Posted: Wed Feb 10, 2016 10:35 am
by chulett
One doesn't exist until a much later release, I'm afraid. Depending on your C++ coding chops you can look here for the PX version of the Server EReplace function, which an exact search for "PXEReplace" should turn up I do believe.

Posted: Wed Feb 10, 2016 9:46 pm
by rkashyap
What is the source of the ComponentValue and BusinessRule file?
How big is the ComponentValue file?
Which flavor of Unix are you using?

Posted: Wed Feb 10, 2016 11:47 pm
by ray.wurlod
rkashyap wrote:What is the source of the ComponentValue and BusinessRule file?
How big is the ComponentValue file?
Which flavor of Unix are you using?
Why do any of those matter?

Posted: Thu Feb 11, 2016 12:06 am
by ray.wurlod
I think the easiest solution is to use a loop in a Transformer stage to extract each of the delimited components from Business_Rule. This output can then stream into a Lookup stage to effect the conversions.

Posted: Thu Feb 11, 2016 12:51 am
by priyadarshikunal
Loop variable was introduced in 8.5, so no looping in 8.1 I guess. I would simply vertical pivot, join and then aggregate. Or split in different columns and do multiple lookups if number of components are low and finite.

Posted: Thu Feb 11, 2016 8:15 am
by chulett
ray.wurlod wrote:
rkashyap wrote:What is the source of the ComponentValue and BusinessRule file?
How big is the ComponentValue file?
Which flavor of Unix are you using?
Why do any of those matter?
Probably because there's some awk coming. :wink:

Posted: Thu Feb 11, 2016 11:13 am
by rkashyap
Craig, You are right. :) The options that I am thinking of, involve using operating system and database capabilities in conjunction with DataStage.
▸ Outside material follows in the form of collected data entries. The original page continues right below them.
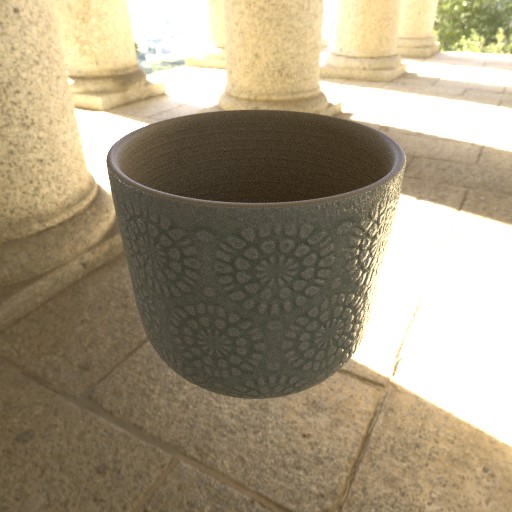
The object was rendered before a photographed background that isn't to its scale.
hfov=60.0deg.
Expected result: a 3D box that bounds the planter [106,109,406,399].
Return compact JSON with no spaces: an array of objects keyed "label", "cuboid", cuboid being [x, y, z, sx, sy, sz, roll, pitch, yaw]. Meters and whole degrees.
[{"label":"planter","cuboid":[0.000,0.000,0.299,0.169,0.153,0.169,0,32,0]}]
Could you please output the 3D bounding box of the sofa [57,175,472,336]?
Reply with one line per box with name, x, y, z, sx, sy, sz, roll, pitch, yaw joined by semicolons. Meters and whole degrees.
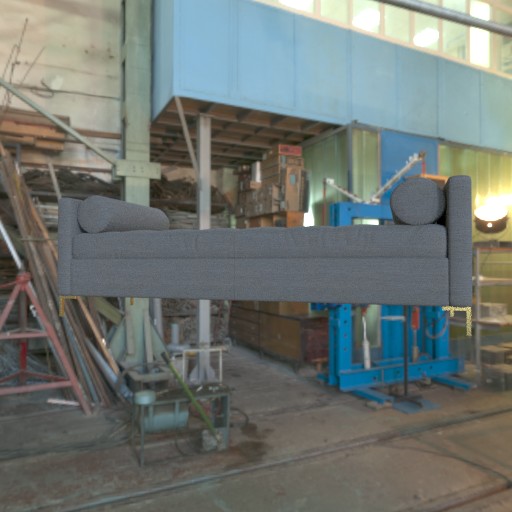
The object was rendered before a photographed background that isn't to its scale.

1. Perform all calculations in a database script/procedure. Invoke database module from DataStage to extract output.
OR

2. Utilizing either database or Unix (sed/awk), split signs and components into separate columns. Subsequently pivot and aggregate the values. i.e.
2.1. Extract data from BusinessRuleTable, using delimiter ',+' append key(IND) with value of BusinessRule column. If leading '-' sign exists in BusinessRule, then substitute accordingly.

Code: Select all

Output would be
      Ind1,+R1+R2 
      Ind2,+R1-R2+R3
2.2. Add delimiters to split BusinessRule values to separate columns.

Code: Select all

 sed 's/+/,+,/g;s/-/,-,/g'
Note: 2.2 can also be performed in database SELECT statement.

2.3. Pivot the data, by either Pivot enterprise stage or Unix

Code: Select all

awk -F"," '{for(i=2;i<=NF;i+2){print $1","$i","$(i+1)}}'
Output would be
      Ind1,+,R1
      Ind1,+,R2 
      Ind2,+,R1
      Ind2,-,R2
      Ind2,+,R3
2.4. Using Lookup stage, replace Component(R1, R2 ...) with their values.

2.5. Aggregate the data using transformer caching (or after combining sign with value in Aggregator stage).
OR

3. Similar to #2 above; but using csv files.
3.1. Write contents of the two tables to csv files BusinessRuleFile and ValueFile.

3.2. Substitute "Indicators" with values in BusinessRule File and then PIVOT. This can be done in External Source stage by passing following command

Code: Select all

sed -e 's/^/s\//' -e 's/\,/\//' -e 's/$/\,\/g;/' <ValueFile>|tr '\n' ' '|xargs -i sed {} <BusinessRuleFile>|awk -F"," '{for(i=2;i<NF;i++){print $1","$i}}
Output would be
      Ind1,100
      Ind1,+50 
      Ind2,100
      Ind2,-50
      Ind2,+200
Aggregate values on key(IND).

Possible limitations: #3 will not work if value file is large as there is a finite limit on length of argument passed to xargs and also memory available to awk arrays. These limits vary by flavor of Unix.

:idea: Consider upgrading to a newer/supported version DataStage.